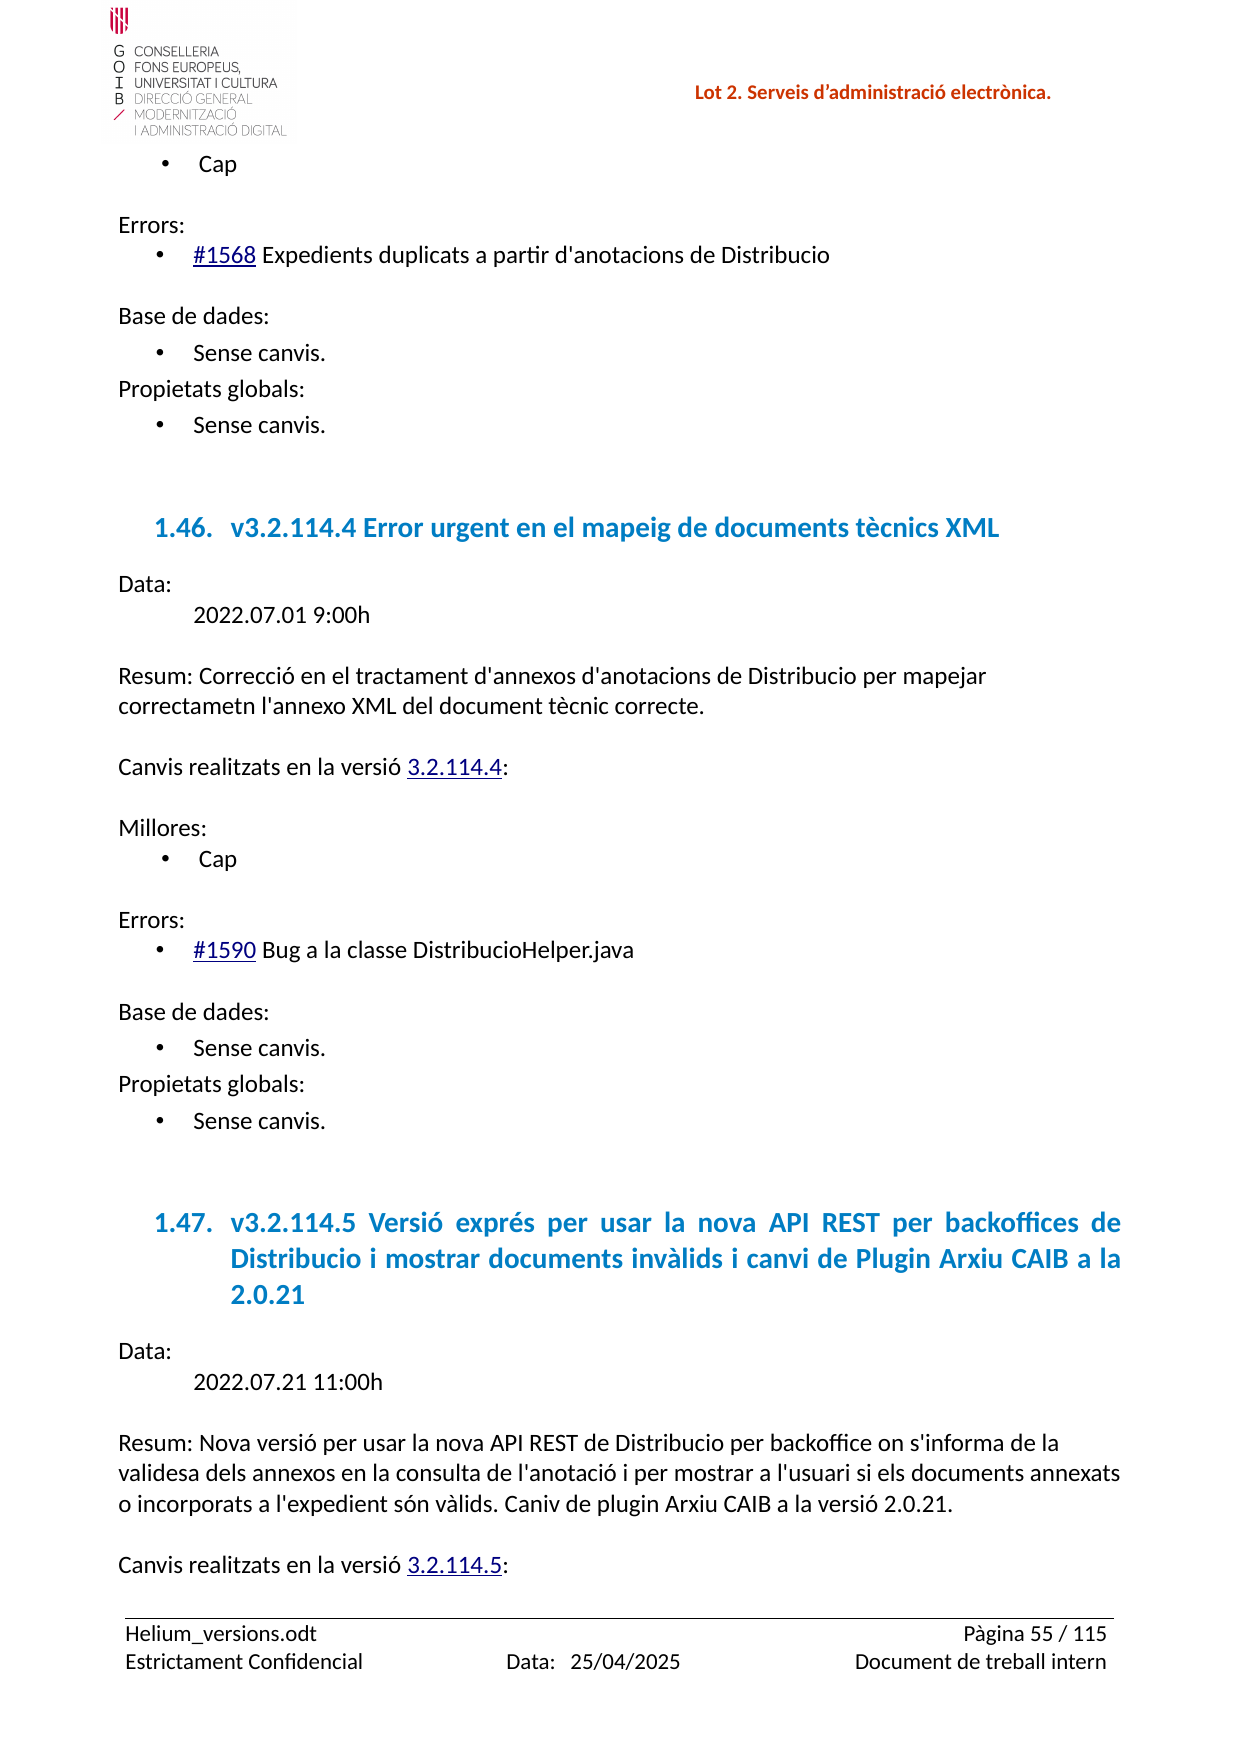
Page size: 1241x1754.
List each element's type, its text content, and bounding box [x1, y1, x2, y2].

text 2022.07.21 11:00h [118, 1366, 1122, 1396]
list #1568 Expedients duplicats a partir d'anotacions de Distribucio [156, 239, 1122, 270]
text Propietats globals: [118, 1069, 1122, 1099]
list Sense canvis. [156, 1105, 1122, 1136]
text 2022.07.01 9:00h [118, 599, 1122, 629]
text Resum: Nova versió per usar la nova API REST de Distribucio per backoffice on s'informa de la validesa dels annexos en la consulta de l'anotació i per mostrar a l'usuari si els documents annexats o incorporats a l'expedient són vàlids. Caniv de plugin Arxiu CAIB a la versió 2.0.21. [118, 1427, 1122, 1518]
text Propietats globals: [118, 373, 1122, 404]
text Data: [118, 1335, 1122, 1366]
subtitle v3.2.114.5 Versió exprés per usar la nova API REST per backoffices de Distribucio i mostrar documents invàlids i canvi de Plugin Arxiu CAIB a la 2.0.21 [153, 1204, 1122, 1311]
list Cap [161, 843, 1122, 874]
text Millores: [118, 813, 1122, 843]
list Sense canvis. [156, 337, 1122, 367]
list Cap [161, 148, 1122, 178]
list Sense canvis. [156, 410, 1122, 440]
text Base de dades: [118, 300, 1122, 331]
text Errors: [118, 209, 1122, 239]
text Resum: Correcció en el tractament d'annexos d'anotacions de Distribucio per mapejar correctametn l'annexo XML del document tècnic correcte. [118, 660, 1122, 721]
text Canvis realitzats en la versió 3.2.114.5: [118, 1549, 1122, 1579]
list #1590 Bug a la classe DistribucioHelper.java [156, 935, 1122, 965]
picture [100, 0, 297, 144]
text Canvis realitzats en la versió 3.2.114.4: [118, 752, 1122, 782]
text Errors: [118, 904, 1122, 935]
text Base de dades: [118, 996, 1122, 1026]
subtitle v3.2.114.4 Error urgent en el mapeig de documents tècnics XML [153, 509, 1122, 545]
list Sense canvis. [156, 1032, 1122, 1063]
text Data: [118, 568, 1122, 599]
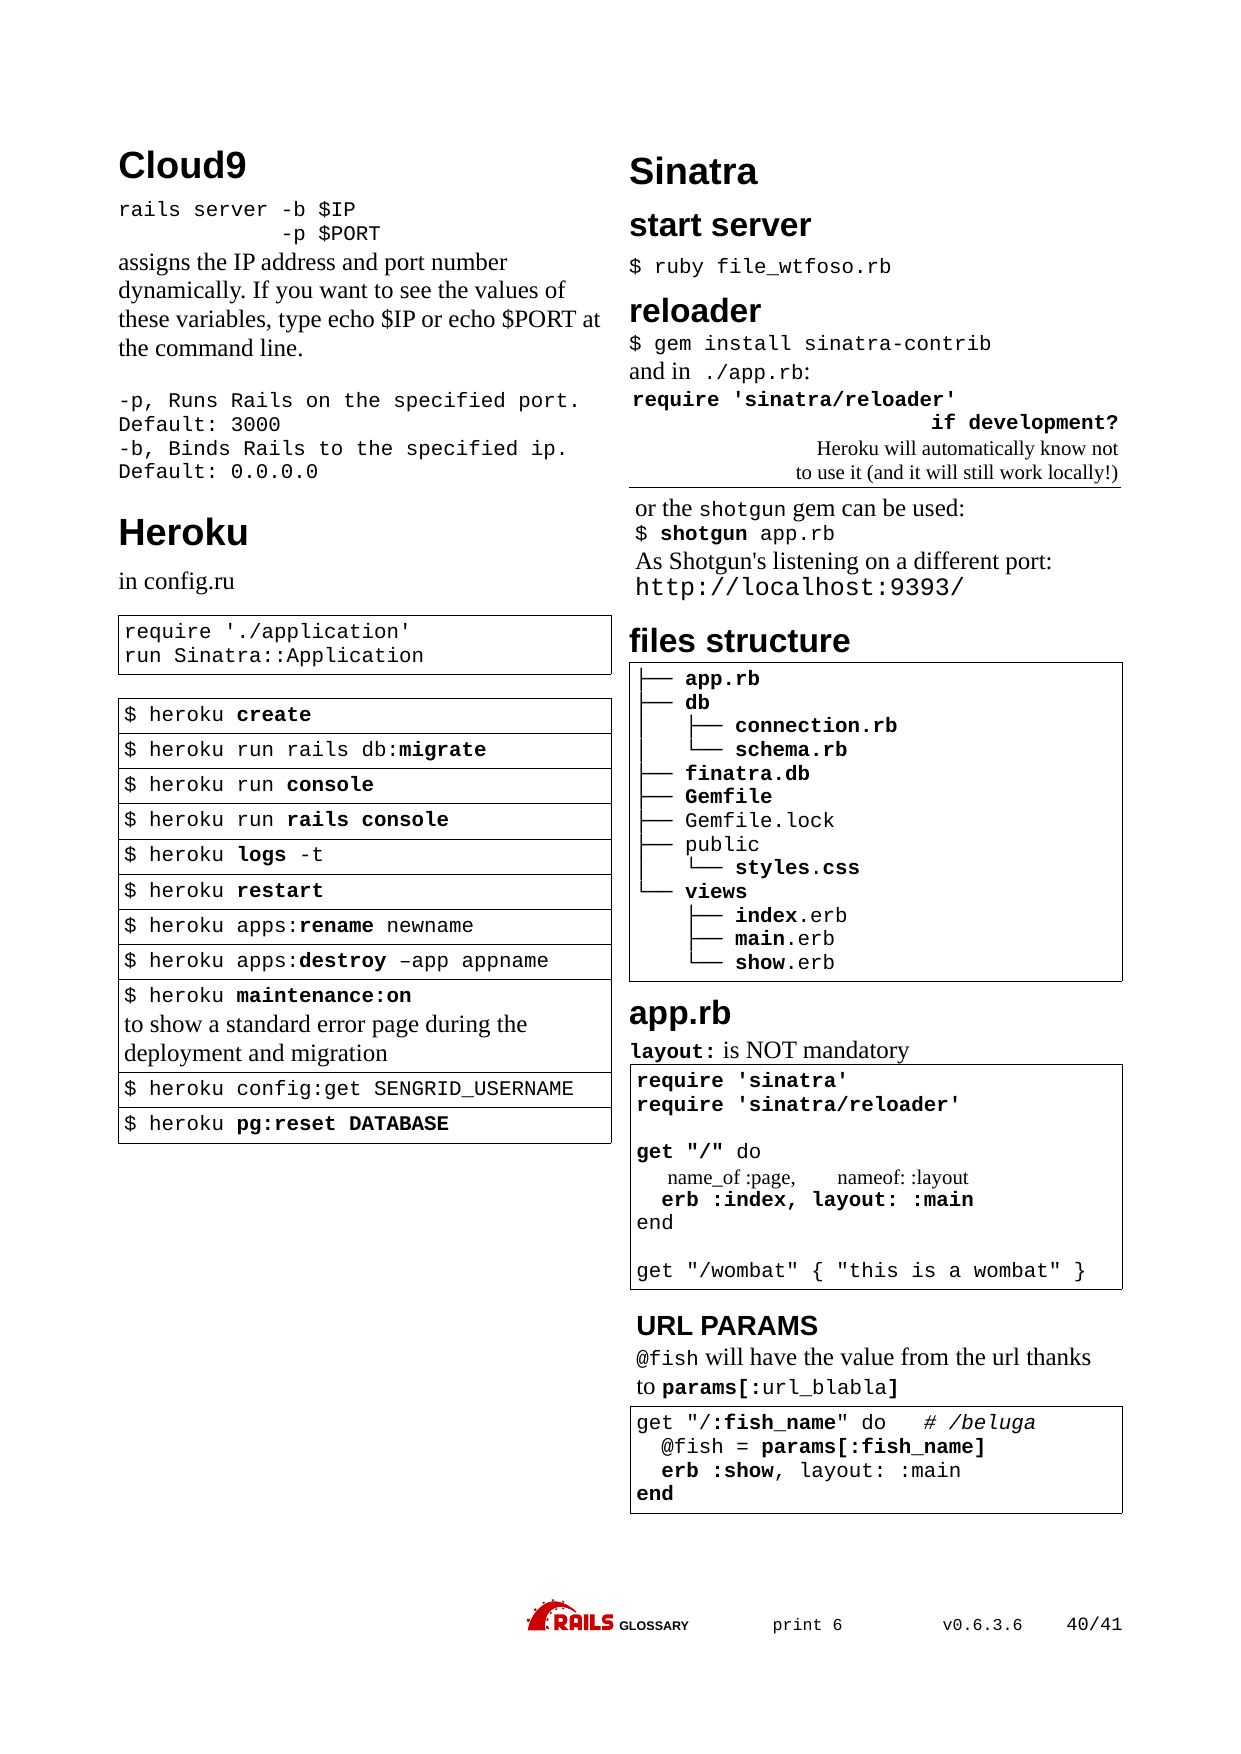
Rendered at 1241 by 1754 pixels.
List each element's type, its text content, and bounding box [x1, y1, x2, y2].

text and in ./app.rb: [629, 356, 1122, 386]
text -p, Runs Rails on the specified port. Default: 3000 -b, Binds Rails to the specified ip. Default: 0.0.0.0 [118, 390, 611, 485]
subtitle start server [629, 204, 1122, 243]
table_header ├── app.rb ├── db │ ├── connection.rb │ └── schema.rb ├── finatra.db ├── Gemfile ├── Gemfile.lock ├── public │ └── styles.css └── views ├── index.erb ├── main.erb └── show.erb [630, 663, 1122, 981]
table_cell $ heroku logs -t [119, 840, 611, 874]
table_cell or the shotgun gem can be used: $ shotgun app.rb As Shotgun's listening on a different port: http://localhost:9393/ [629, 488, 1121, 609]
table_cell $ heroku maintenance:on to show a standard error page during the deployment and migration [119, 980, 611, 1072]
table_header require 'sinatra/reloader' if development? Heroku will automatically know not to use it (and it will still work locally!) [629, 386, 1121, 487]
table_cell $ heroku pg:reset DATABASE [119, 1108, 611, 1142]
table_cell URL PARAMS @fish will have the value from the url thanks to params[:url_blabla] [630, 1290, 1122, 1406]
text in config.ru [118, 566, 611, 595]
table_cell get "/:fish_name" do # /beluga @fish = params[:fish_name] erb :show, layout: :main end [631, 1407, 1122, 1513]
subtitle files structure [629, 621, 1122, 659]
table_cell $ heroku run rails console [119, 804, 611, 838]
table_cell $ heroku apps:rename newname [119, 910, 611, 944]
subtitle reloader [629, 291, 1122, 330]
table_cell $ heroku config:get SENGRID_USERNAME [119, 1073, 611, 1107]
subtitle Sinatra [629, 149, 1122, 193]
subtitle Cloud9 [118, 143, 611, 187]
text assigns the IP address and port number dynamically. If you want to see the values of these variables, type echo $IP or echo $PORT at the command line. [118, 247, 611, 362]
table_header require './application' run Sinatra::Application [119, 616, 611, 674]
text $ ruby file_wtfoso.rb [629, 256, 1122, 279]
subtitle app.rb [629, 993, 1122, 1032]
table_cell $ heroku run rails db:migrate [119, 734, 611, 768]
subtitle Heroku [118, 510, 611, 553]
table_header require 'sinatra' require 'sinatra/reloader' get "/" do name_of :page, nameof: :layout erb :index, layout: :main end get "/wombat" { "this is a wombat" } [631, 1065, 1122, 1289]
table_cell $ heroku run console [119, 769, 611, 803]
text $ gem install sinatra-contrib [629, 333, 1122, 356]
text rails server -b $IP [118, 199, 611, 223]
text -p $PORT [118, 223, 611, 247]
table_cell $ heroku restart [119, 875, 611, 909]
table_cell $ heroku apps:destroy –app appname [119, 945, 611, 979]
text layout: is NOT mandatory [629, 1035, 1122, 1064]
table_header $ heroku create [119, 699, 611, 733]
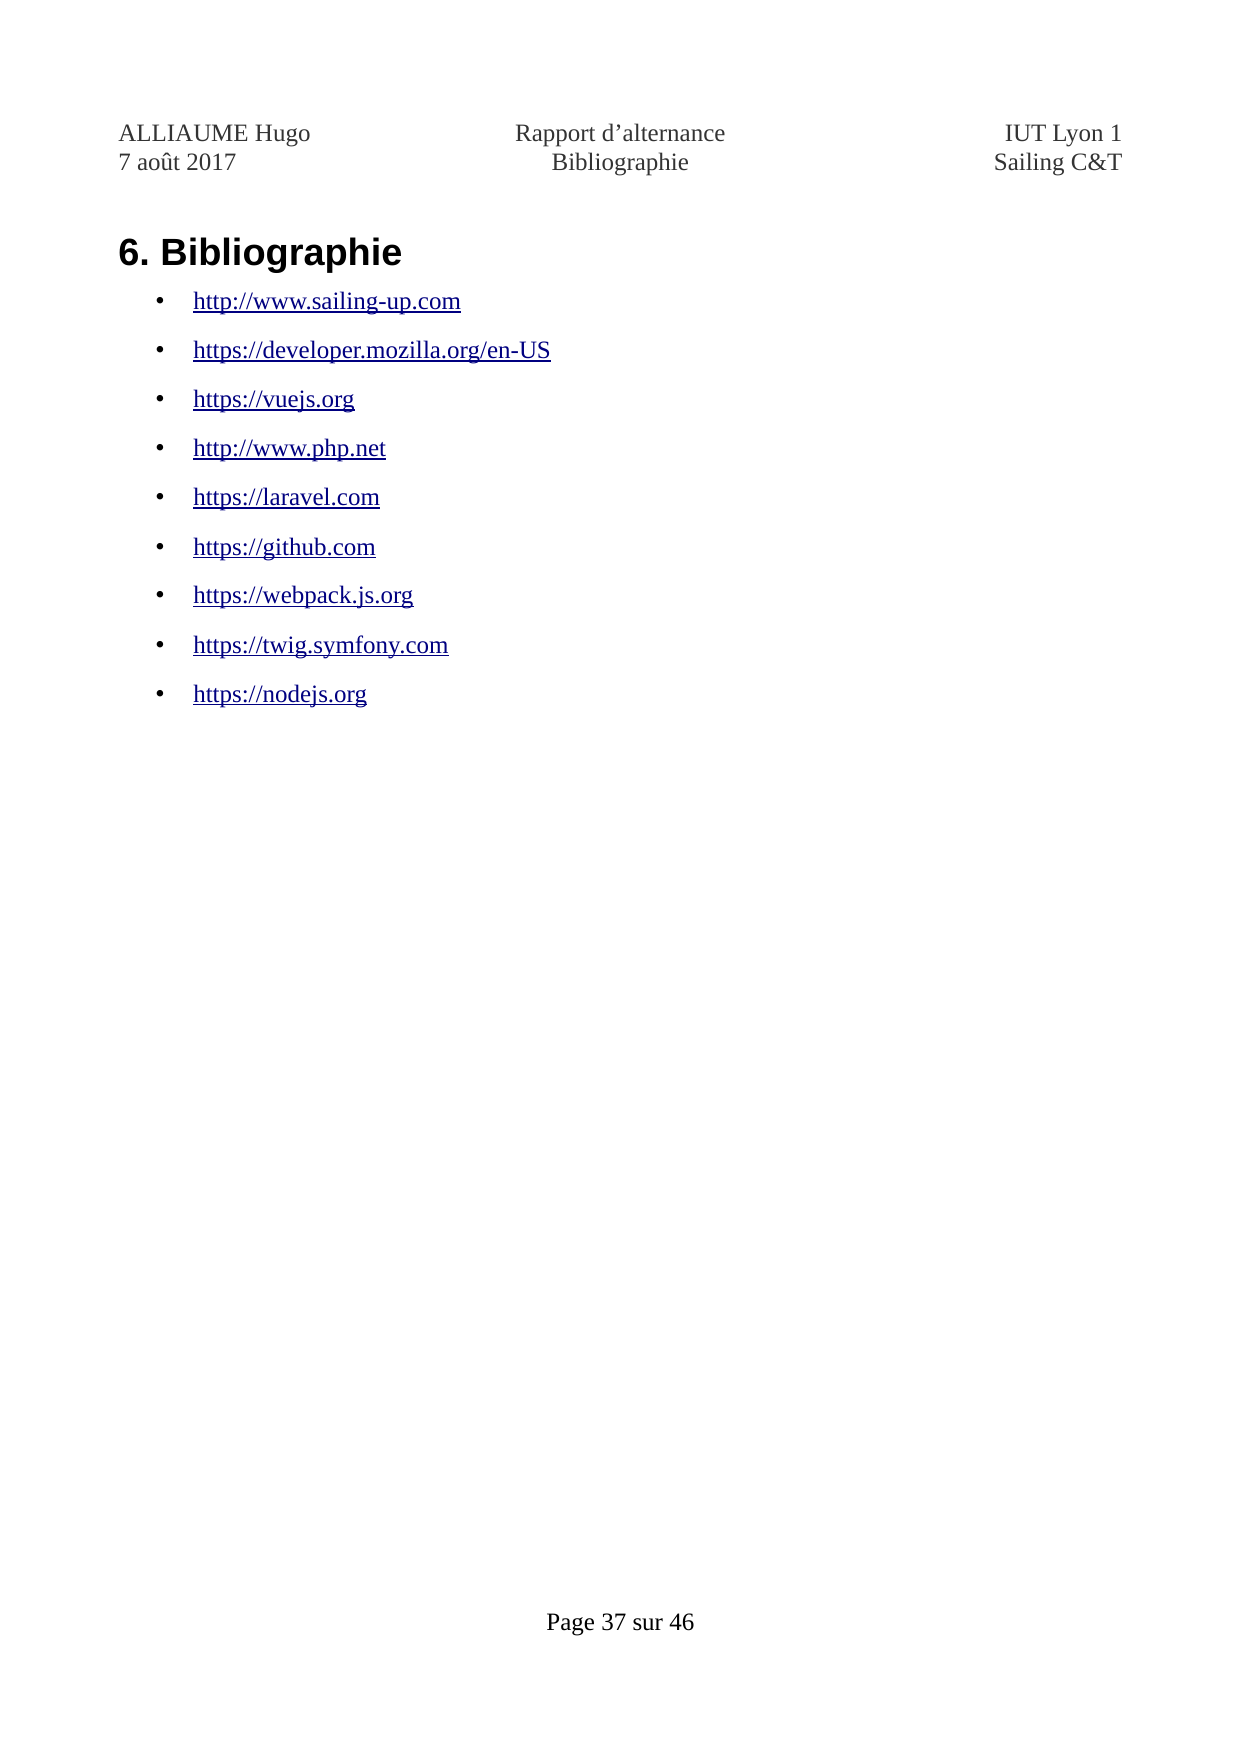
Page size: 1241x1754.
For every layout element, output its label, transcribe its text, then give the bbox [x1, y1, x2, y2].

list https://twig.symfony.com [156, 630, 1122, 658]
list http://www.php.net [156, 433, 1122, 462]
list https://developer.mozilla.org/en-US [156, 335, 1122, 364]
list https://laravel.com [156, 482, 1122, 511]
list https://vuejs.org [156, 384, 1122, 413]
list https://github.com [156, 532, 1122, 560]
subtitle 6. Bibliographie [118, 230, 1122, 274]
list https://webpack.js.org [156, 581, 1122, 609]
list https://nodejs.org [156, 679, 1122, 707]
list http://www.sailing-up.com [156, 286, 1122, 315]

-.-.-

**WHAT THE TASK ASKS:** Set down only the lines above that fall between the line holding "text Millores: [118, 813, 1122, 843]" and the line holding "text Errors: [118, 209, 1122, 239]", inclusive, keeping each exact.

**EXERCISE OUTPUT:**
text Millores: [118, 813, 1122, 843]
list Sense canvis. [156, 337, 1122, 367]
list Cap [161, 148, 1122, 178]
list Sense canvis. [156, 410, 1122, 440]
text Base de dades: [118, 300, 1122, 331]
text Errors: [118, 209, 1122, 239]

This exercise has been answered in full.